The doctrine of federal preemption is based upon the Supremacy Clause of the  Constitution, which states that federal law is “the supreme Law of the Land” notwithstanding any state law to the contrary.  Under the federal preemption doctrine, federal law supersedes conflicting state laws. This can happen when a federal statute or regulation contains explicit preemptive language, or by implication, when Congress’s preemptive intent is implicit in the relevant federal law’s structure and purpose.  The ECAC’s petition relies upon the implied intent of Congress in granting the FCC the power to enact uniform rules enforcing the TCPA.

The Petition
In its Petition, the ECAC points out that in 2003 the FCC itself observed that “any state regulation of interstate telemarketing calls that differs from our rules almost certainly would conflict with and frustrate the federal scheme and almost certainly would be preempted,” and that “any party that believes a state law is inconsistent with section 227 (the TCPA) or our rules may seek a declaratory ruling from the Commission.”

The ECAC argues that four specific aspects of the Florida Amendments create a more restrictive environment applicable to interstate telemarketing laws than the TCPA and its associated regulations and must therefore be preempted.  The four aspects are as follows:

Call Time Restrictions – The Florida Amendments narrow the permissible calling time window for telephone solicitations (which ends at 9:00 p.m. under the FCC’s rules)  to 8:00 p.m. The Petition argues that this imposes increased compliance costs on telemarketers that make interstate calls to Florida residents and “frustrates the federal objective of creating national rules.”

Call Frequency Limits – The Florida Amendments restrict the number of “commercial solicitation phone calls” that a telemarketer may make from any number to any person over a 24-hour period to three (3) calls.   The Petition claims that this restriction places an enormous burden on telemarketers that initiate interstate calls to track this data, and infringes telemarketers’ rights to free speech.

Caller ID Restrictions The Florida Amendments ban commercial telephone solicitors from using technology that “deliberately displays a different caller identification number than the number the call is originating from to conceal the true identity of the caller.” In the Petition, the ECAC notes that the FCC’s TCPA regulations “specifically permit the telemarketer to substitute the name of the seller on whose behalf the telemarketing call is placed as well as the seller’s customer service telephone number, provided that a call recipient may call the telephone number provided to make a do-not-call request during regular business hours.” Thus, the revised Florida laws, in this respect, are “expressly at odds with the TCPA regulations.”
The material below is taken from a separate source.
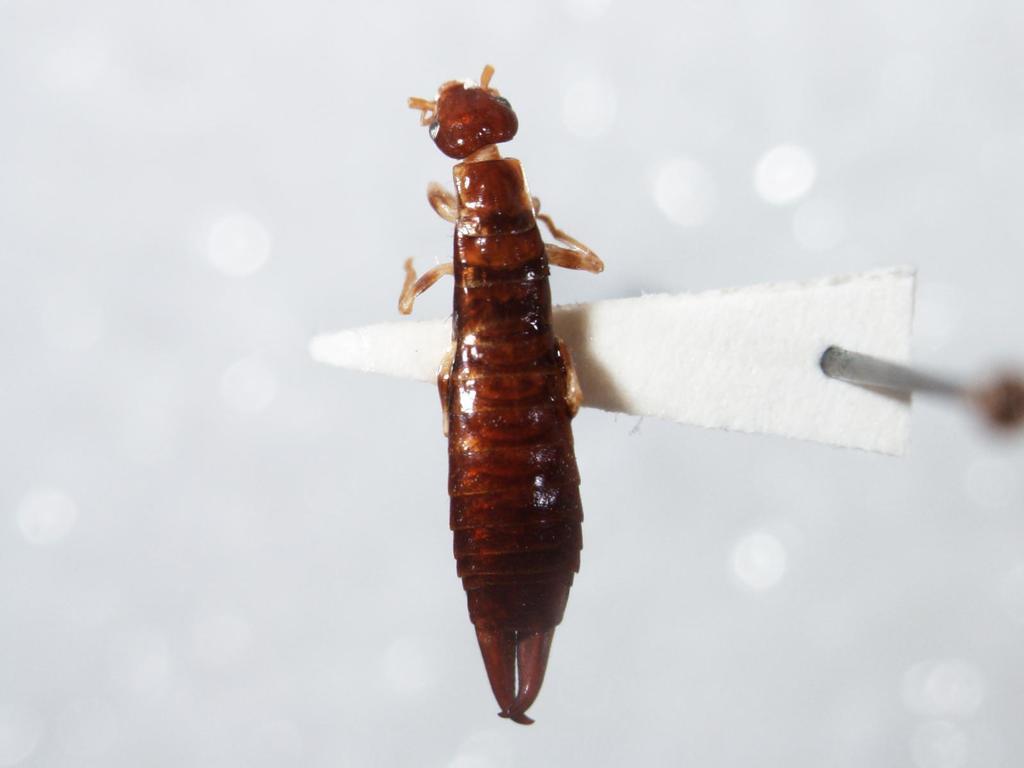Describe this image in one or two sentences. In this image, we can see an insect on the white color object. Background there is a blur view.

Automated Equipment/Automatic Telephone Dialing System – The Florida Amendments restrict telephonic sales calls involving an “automated system for the selection or dialing of telephone numbers or playing of a recorded message when a connection is completed to a number….”  In its Petition, the ECAC notes that the TCPA restricts calls initiated with “an automatic telephone dialing system” – a term defined in the TCPA and the FCC’s regulations, and that “automated system” as used in the Florida Amendments is undefined, and goes on to argue that to the extent the undefined term in the Florida Amendments “includes equipment that is not within the definition of automatic telephone dialing system, the statute must be preempted”

What Comes Next
Under Section 5(d) of the Administrative Procedure Act, the FCC may issue declaratory rulings terminating a controversy or removing uncertainty with respect to its rules.  After a petition requesting such a is submitted, the next step in the process is for the FCC to issue a notice seeking public comments on the petition.  After the notice submission period, the FCC considers the comments and issues a ruling.  The entire process can take months or longer, depending upon the matter and the agency’s timeframe.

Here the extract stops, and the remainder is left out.